As described above, the device shown in FIG. 2 detects the detection signals of the four state variables hf↓ and vMI8 in motor control using the vvvP' inverter. It is a system that obtains input information at the same time, searches for torque data corresponding to this detected state quantity, and outputs it externally, without having any analysis function in the control device. This makes it possible to exceptionally detect output torque in any operating state. Furthermore, it is clear that this eliminates detection errors caused by temperature changes due to secondary resistance and enables highly accurate torque control. Note that it is assumed that the analyzer torque values corresponding to the four state quantities are stored. As described above, if the address search unit 81 has an interpolation function for creating torque data from between the stored torque data, the address search unit 8a searches the storage address of the storage device unit 8b, and 9. The torque data of the address is retrieved, or the address search unit 8m further creates unstored torque data from those torque data to generate a valid detected torque signal. According to the present invention, it is possible to provide a method for realizing a motor control device using a VVVF inverter that is capable of precise torque control without having an analysis function in its constituent parts.
II * fA a v,, e 8 as state quantities
However, it is clear that the present invention can be applied to the same effect even if other state quantities such as fM, effective (reactive) current value, etc. are used as part of these four parts. Furthermore, it goes without saying that the effect can be further enhanced depending on the case by setting the number of state quantities to six or more instead of limiting it to four.

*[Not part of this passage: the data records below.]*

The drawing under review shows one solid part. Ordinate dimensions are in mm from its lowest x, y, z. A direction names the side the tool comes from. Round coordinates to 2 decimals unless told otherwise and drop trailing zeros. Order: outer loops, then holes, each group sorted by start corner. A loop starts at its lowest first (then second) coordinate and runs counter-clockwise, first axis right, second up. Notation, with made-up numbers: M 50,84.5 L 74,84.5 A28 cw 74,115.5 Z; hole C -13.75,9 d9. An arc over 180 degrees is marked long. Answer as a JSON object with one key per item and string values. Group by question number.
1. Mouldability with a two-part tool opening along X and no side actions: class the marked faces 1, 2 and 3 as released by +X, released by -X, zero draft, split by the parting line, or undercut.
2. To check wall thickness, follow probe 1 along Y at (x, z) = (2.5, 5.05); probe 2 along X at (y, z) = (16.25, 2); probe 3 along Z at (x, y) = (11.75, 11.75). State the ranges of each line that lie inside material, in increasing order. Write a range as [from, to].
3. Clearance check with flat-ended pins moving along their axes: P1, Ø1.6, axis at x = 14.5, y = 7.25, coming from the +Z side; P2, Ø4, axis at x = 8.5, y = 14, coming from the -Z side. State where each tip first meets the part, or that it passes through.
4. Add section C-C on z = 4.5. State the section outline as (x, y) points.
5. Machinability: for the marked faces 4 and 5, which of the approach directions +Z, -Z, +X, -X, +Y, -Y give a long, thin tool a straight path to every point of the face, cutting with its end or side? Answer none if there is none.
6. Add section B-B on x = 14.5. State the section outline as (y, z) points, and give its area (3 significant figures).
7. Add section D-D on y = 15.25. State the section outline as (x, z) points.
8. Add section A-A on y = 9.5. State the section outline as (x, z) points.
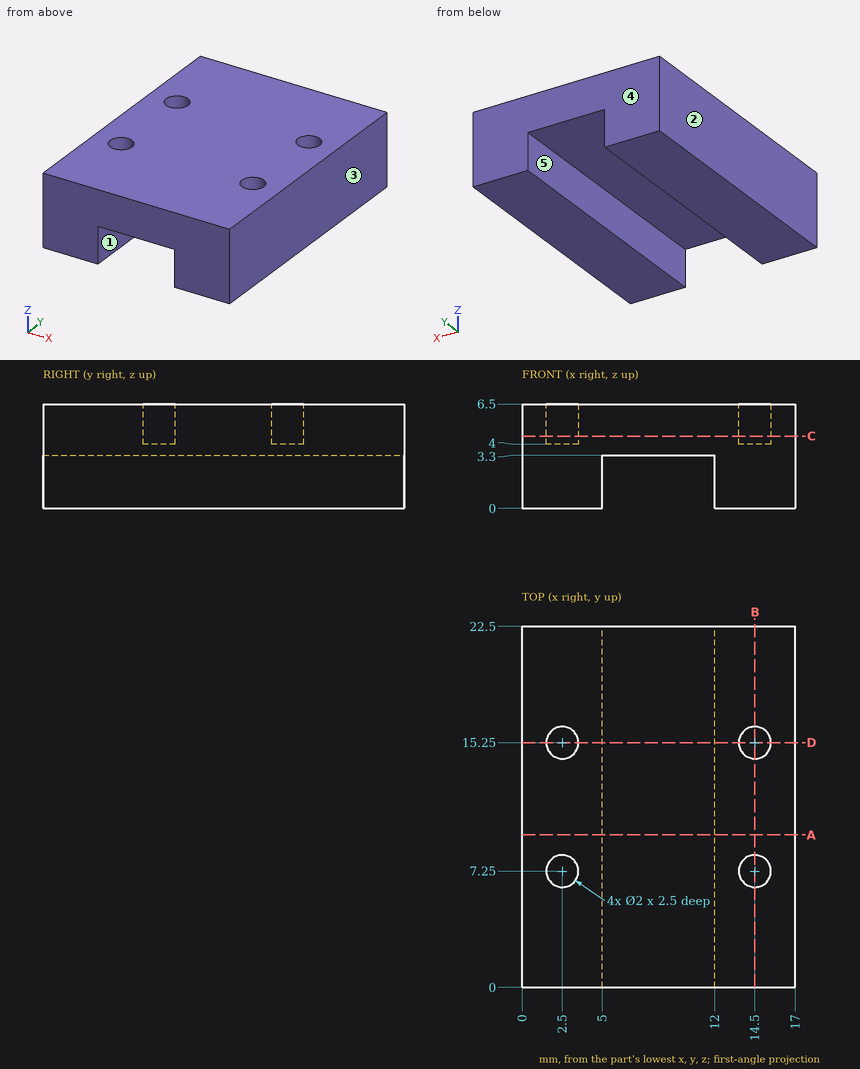
Recorded:
{
 "1": {"face 1": "undercut", "face 2": "released by -X", "face 3": "released by +X"},
 "2": {"probe 1": "y = [0, 6.25], [8.25, 14.25], [16.25, 22.5]", "probe 2": "x = [0, 5], [12, 17]", "probe 3": "z = [3.3, 6.5]"},
 "3": {"P1": "stops at z = 4", "P2": "stops at z = 3.3"},
 "4": {"outline": "M 0,0 L 17,0 L 17,22.5 L 0,22.5 Z; hole C 2.5,7.25 d2; hole C 2.5,15.25 d2; hole C 14.5,7.25 d2; hole C 14.5,15.25 d2"},
 "5": {"face 4": "+Z, -Z, +X, -X, +Y", "face 5": "-Z, +Y, -Y"},
 "6": {"outline": "M 0,0 L 22.5,0 L 22.5,6.5 L 16.25,6.5 L 16.25,4 L 14.25,4 L 14.25,6.5 L 8.25,6.5 L 8.25,4 L 6.25,4 L 6.25,6.5 L 0,6.5 Z", "area": "136 mm²"},
 "7": {"outline": "M 0,0 L 5,0 L 5,3.3 L 12,3.3 L 12,0 L 17,0 L 17,6.5 L 15.5,6.5 L 15.5,4 L 13.5,4 L 13.5,6.5 L 3.5,6.5 L 3.5,4 L 1.5,4 L 1.5,6.5 L 0,6.5 Z"},
 "8": {"outline": "M 0,0 L 5,0 L 5,3.3 L 12,3.3 L 12,0 L 17,0 L 17,6.5 L 0,6.5 Z"}
}

[Brief explanation of the drawing]

Fig. 1 is an equivalent circuit diagram for one phase of the electric motor, and Fig. 2 is a control system diagram showing an embodiment according to the present invention.
Variable voltage/variable frequency inverter (VVVF inverter), 2...Induction motor (motor), 3...
・IO Speed detector, 4...Current detector, 5...Frequency detector, 6...Voltage detector, 7...Slip detector, 8... ···Computer. Patent applicant Toyo Denki Seizo Co., Ltd. Representative Atsushi Doi

Claims (1)

[Scope of Claims] 1. In an induction motor control method for controlling the output torque of an electric motor using a variable voltage/variable intermittent inverter, at least four types of mutually independent state quantities indicating the operating state of the electric motor are provided. A method for controlling an induction motor, characterized in that, in addition to obtaining detection signals, a signal of torque data stored in advance in a storage unit is generated from search information based on the detection signals. 2. The induction motor control method 0 according to claim 1, in which the detection signal of Class 411 is configured to use a primary current, a primary frequency, a primary voltage, and a slip.